BEGIN
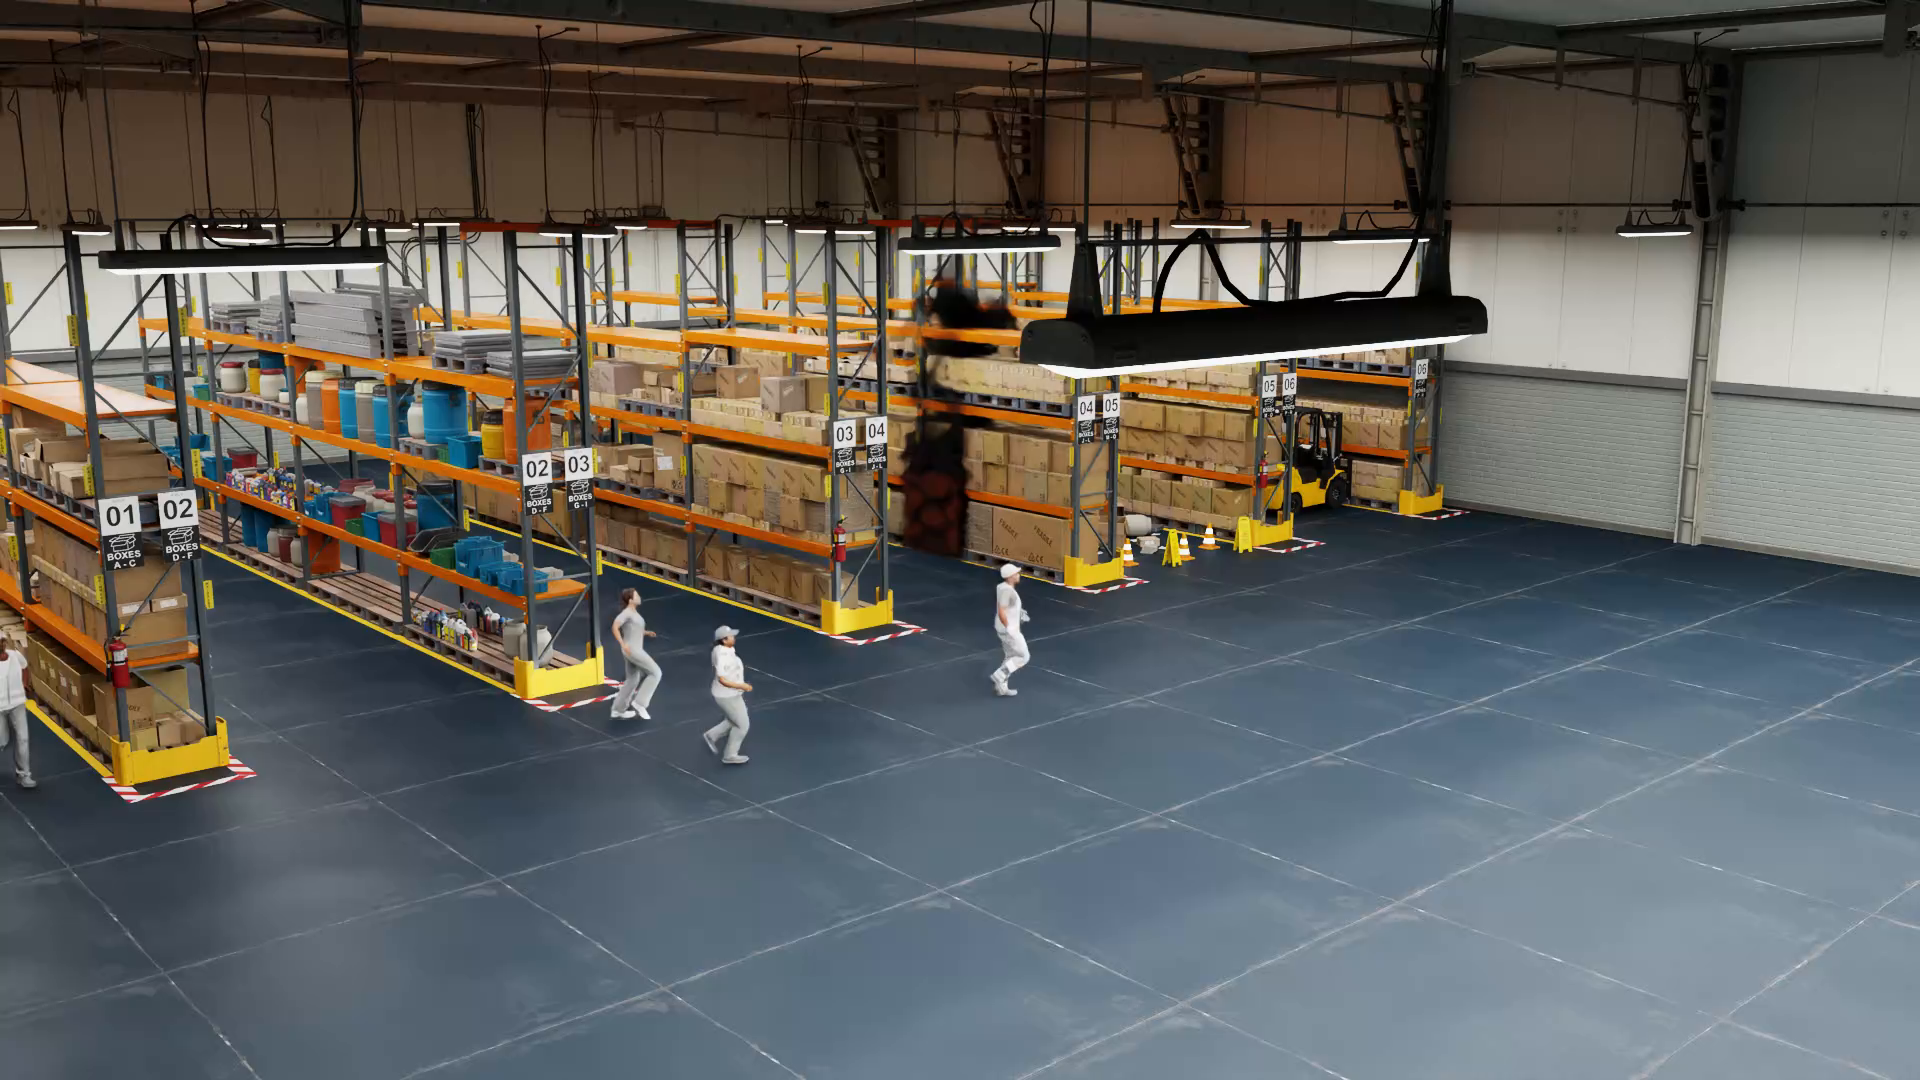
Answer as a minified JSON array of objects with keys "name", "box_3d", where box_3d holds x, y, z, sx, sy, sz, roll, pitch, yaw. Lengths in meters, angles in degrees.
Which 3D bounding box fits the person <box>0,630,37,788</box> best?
[{"name":"person","box_3d":[-10.511,1.825,18.303,0.943,1.741,0.703,10,15,41]}]

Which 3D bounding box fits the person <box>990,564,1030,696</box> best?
[{"name":"person","box_3d":[0.657,1.166,21.668,0.584,1.749,0.669,-2,12,-11]}]

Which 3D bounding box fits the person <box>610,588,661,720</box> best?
[{"name":"person","box_3d":[-4.067,1.406,20.737,0.641,1.645,0.564,-3,12,-13]}]

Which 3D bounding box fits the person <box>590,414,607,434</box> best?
[{"name":"person","box_3d":[-8.890,-2.703,40.957,0.665,1.689,0.854,8,14,36]}]

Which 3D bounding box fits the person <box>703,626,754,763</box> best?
[{"name":"person","box_3d":[-2.645,1.766,19.037,0.536,1.617,0.604,-3,12,-13]}]
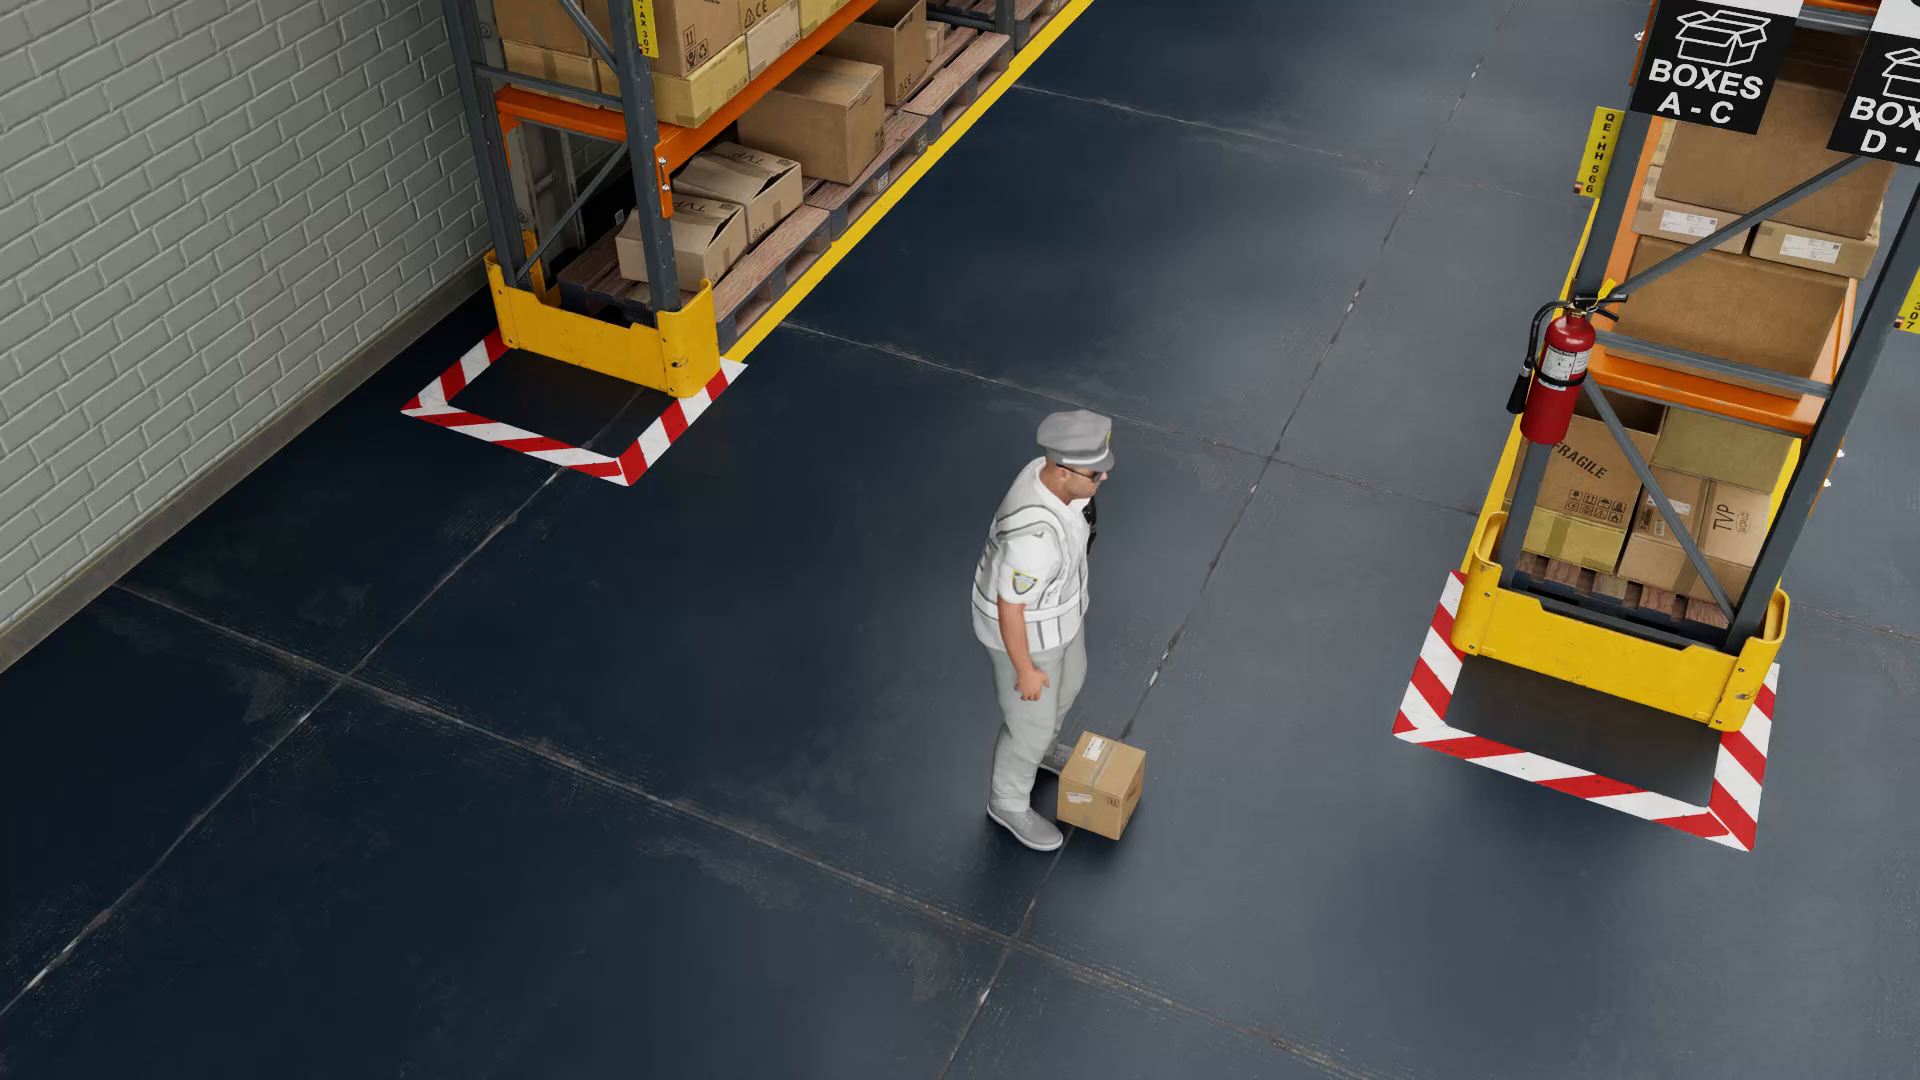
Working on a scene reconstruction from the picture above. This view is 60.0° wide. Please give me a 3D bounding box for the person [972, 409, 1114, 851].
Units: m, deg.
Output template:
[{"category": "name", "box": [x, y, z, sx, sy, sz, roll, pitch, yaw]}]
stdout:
[{"category": "person", "box": [0.277, 0.285, 5.834, 0.437, 1.747, 0.604, 15, 44, 16]}]
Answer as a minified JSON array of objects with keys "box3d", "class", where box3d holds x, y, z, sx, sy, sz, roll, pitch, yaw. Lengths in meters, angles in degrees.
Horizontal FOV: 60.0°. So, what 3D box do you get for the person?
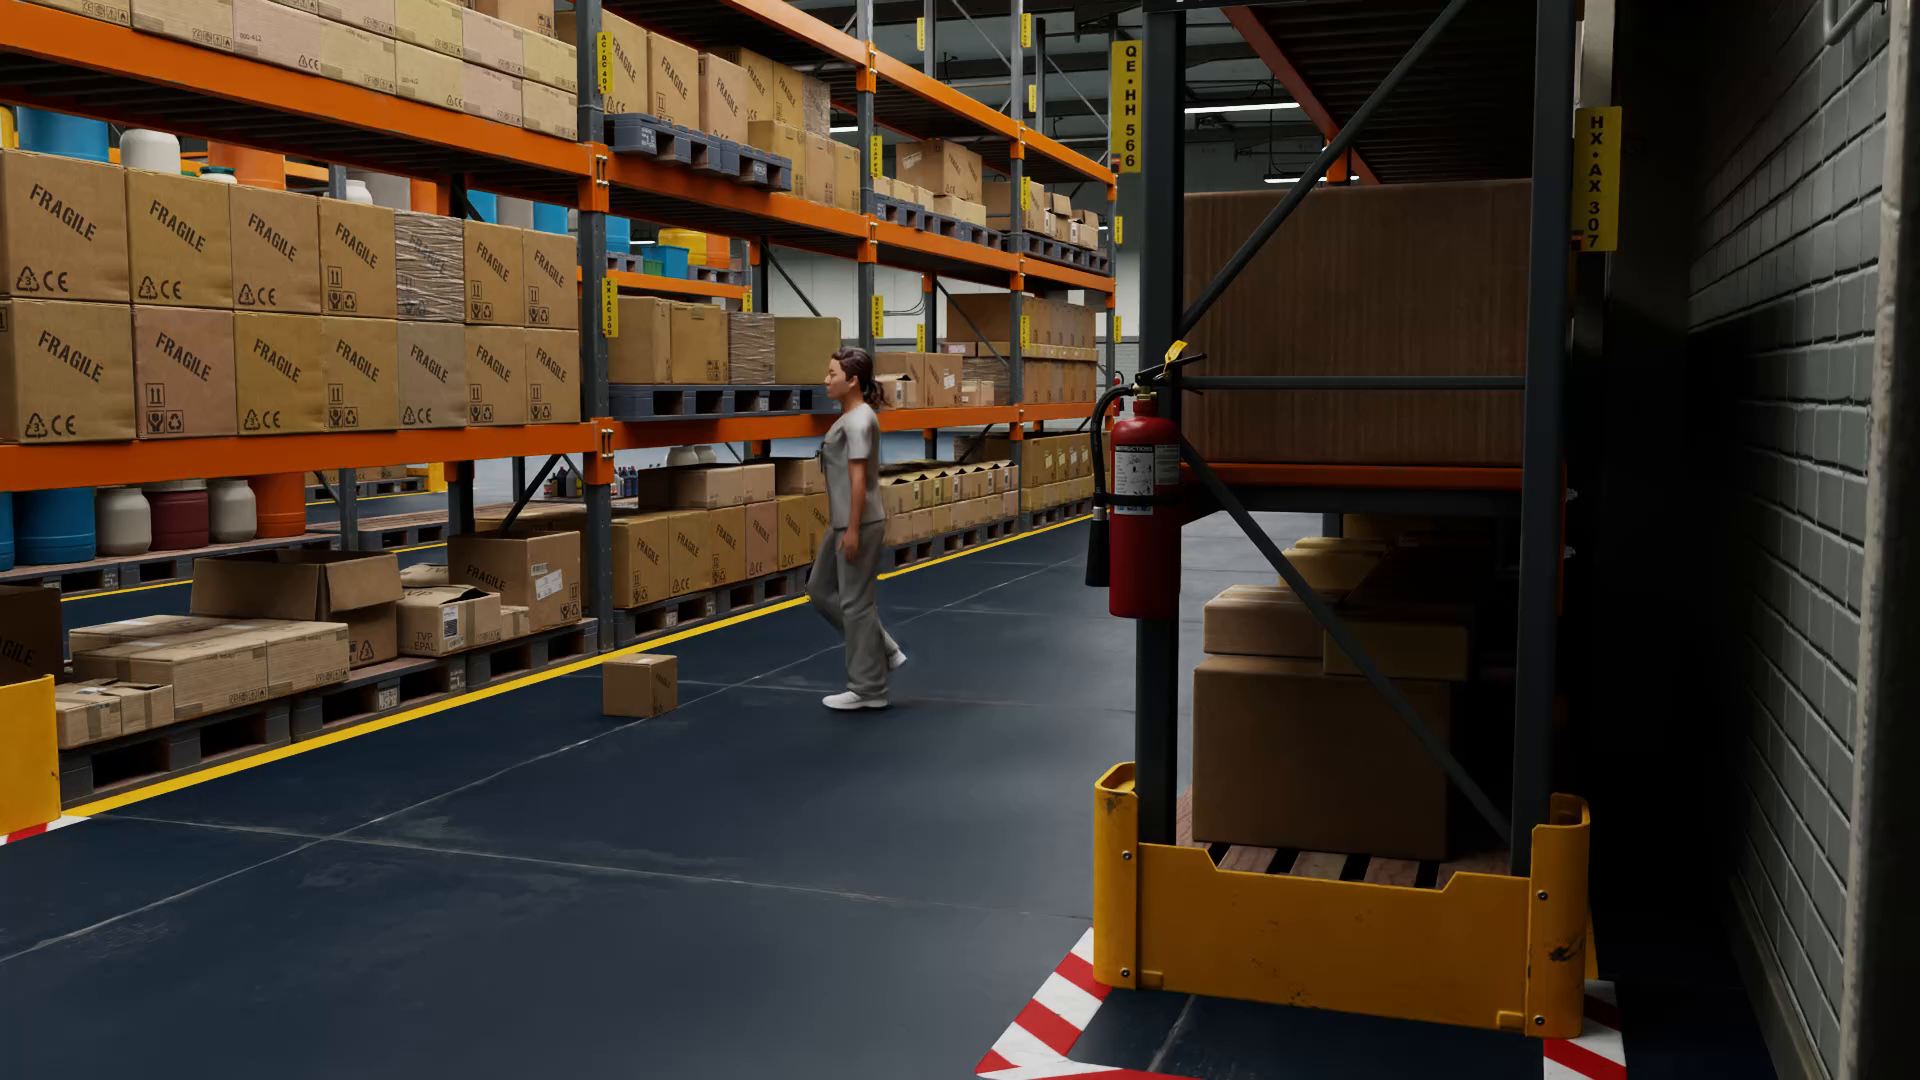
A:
[{"box3d":[-0.473,-0.050,7.691,0.466,1.669,0.498,-1,5,-6],"class":"person"}]
END
Task to carry out: Given the listing above, retype only the span of lines from the line with "Which 3D bounding box fits the person <box>610,588,661,720</box>" up to and including the line with "where box3d holds", exactly as it stands and without pictures.

Solution to the problem:
Which 3D bounding box fits the person <box>610,588,661,720</box> best?
[{"name":"person","box_3d":[-4.067,1.406,20.737,0.641,1.645,0.564,-3,12,-13]}]

Which 3D bounding box fits the person <box>590,414,607,434</box> best?
[{"name":"person","box_3d":[-8.890,-2.703,40.957,0.665,1.689,0.854,8,14,36]}]

Which 3D bounding box fits the person <box>703,626,754,763</box> best?
[{"name":"person","box_3d":[-2.645,1.766,19.037,0.536,1.617,0.604,-3,12,-13]}]
Working on a scene reconstruction from the picture above. This view is 60.0° wide. Please give me a 3D bounding box for the person [972, 409, 1114, 851].
Units: m, deg.
Output template:
[{"category": "name", "box": [x, y, z, sx, sy, sz, roll, pitch, yaw]}]
stdout:
[{"category": "person", "box": [0.277, 0.285, 5.834, 0.437, 1.747, 0.604, 15, 44, 16]}]
Answer as a minified JSON array of objects with keys "box3d", "class", where box3d holds x, y, z, sx, sy, sz, roll, pitch, yaw. Lengths in meters, angles in degrees.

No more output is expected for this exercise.